**HOW TO COMPLETE THIS TASK:** Copy out each line featuring the string "alphaTex" from the entries beneath.

**EXERCISE INPUT:**
※ ※ ※

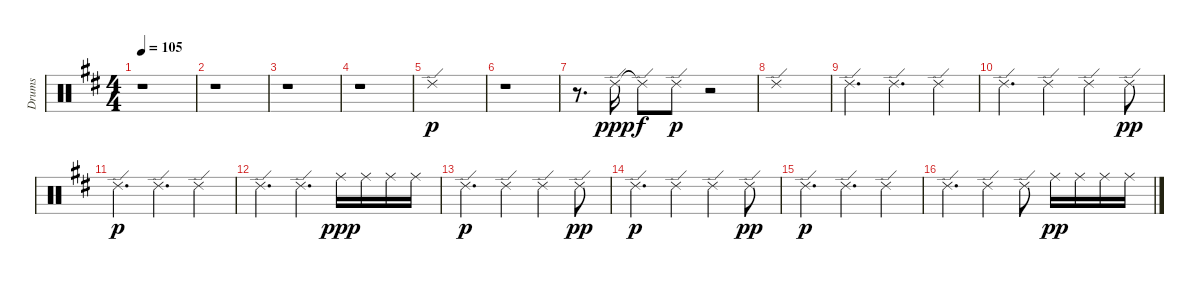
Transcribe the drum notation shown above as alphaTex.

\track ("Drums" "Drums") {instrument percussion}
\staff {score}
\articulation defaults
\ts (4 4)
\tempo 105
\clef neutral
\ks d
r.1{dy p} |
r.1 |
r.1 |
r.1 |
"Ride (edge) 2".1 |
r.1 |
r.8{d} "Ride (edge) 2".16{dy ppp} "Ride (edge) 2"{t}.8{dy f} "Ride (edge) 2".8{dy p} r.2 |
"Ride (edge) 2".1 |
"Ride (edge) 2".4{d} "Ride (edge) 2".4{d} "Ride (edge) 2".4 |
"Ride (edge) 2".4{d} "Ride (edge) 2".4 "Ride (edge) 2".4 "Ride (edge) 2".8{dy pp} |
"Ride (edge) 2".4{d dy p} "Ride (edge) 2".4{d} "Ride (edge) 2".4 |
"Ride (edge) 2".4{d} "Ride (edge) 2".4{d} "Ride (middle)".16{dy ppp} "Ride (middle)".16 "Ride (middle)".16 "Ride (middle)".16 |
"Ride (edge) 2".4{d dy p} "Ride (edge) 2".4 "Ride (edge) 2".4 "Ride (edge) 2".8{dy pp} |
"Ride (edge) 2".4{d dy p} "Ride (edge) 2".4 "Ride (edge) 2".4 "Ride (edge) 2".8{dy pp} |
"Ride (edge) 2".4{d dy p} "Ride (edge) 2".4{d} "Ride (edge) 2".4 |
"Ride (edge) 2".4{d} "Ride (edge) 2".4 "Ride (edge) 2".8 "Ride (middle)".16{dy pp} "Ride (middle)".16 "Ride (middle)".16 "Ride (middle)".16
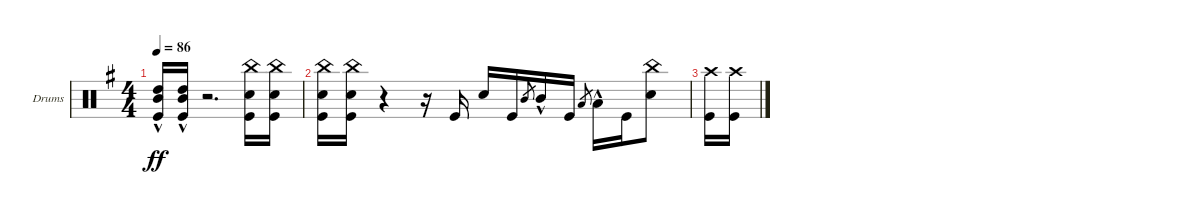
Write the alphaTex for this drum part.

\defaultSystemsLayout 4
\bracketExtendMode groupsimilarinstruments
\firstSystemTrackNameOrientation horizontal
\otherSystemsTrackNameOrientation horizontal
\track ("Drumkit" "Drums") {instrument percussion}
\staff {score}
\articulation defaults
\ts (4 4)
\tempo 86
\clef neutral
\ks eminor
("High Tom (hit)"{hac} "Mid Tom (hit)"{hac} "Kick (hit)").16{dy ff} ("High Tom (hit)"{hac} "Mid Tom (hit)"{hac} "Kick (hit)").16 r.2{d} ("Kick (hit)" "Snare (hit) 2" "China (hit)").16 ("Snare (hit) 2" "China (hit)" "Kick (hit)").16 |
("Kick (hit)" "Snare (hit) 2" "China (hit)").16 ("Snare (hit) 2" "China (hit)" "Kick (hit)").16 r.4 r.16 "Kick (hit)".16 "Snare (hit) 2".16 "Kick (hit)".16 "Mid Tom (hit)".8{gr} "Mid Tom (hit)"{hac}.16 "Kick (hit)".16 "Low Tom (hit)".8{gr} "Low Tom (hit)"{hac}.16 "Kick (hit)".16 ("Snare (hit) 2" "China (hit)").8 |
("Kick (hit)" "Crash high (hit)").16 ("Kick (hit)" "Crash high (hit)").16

※ ※ ※

**ANSWER FOR THIS EXERCISE:**
Transcribe the drum notation shown above as alphaTex.
Write the alphaTex for this drum part.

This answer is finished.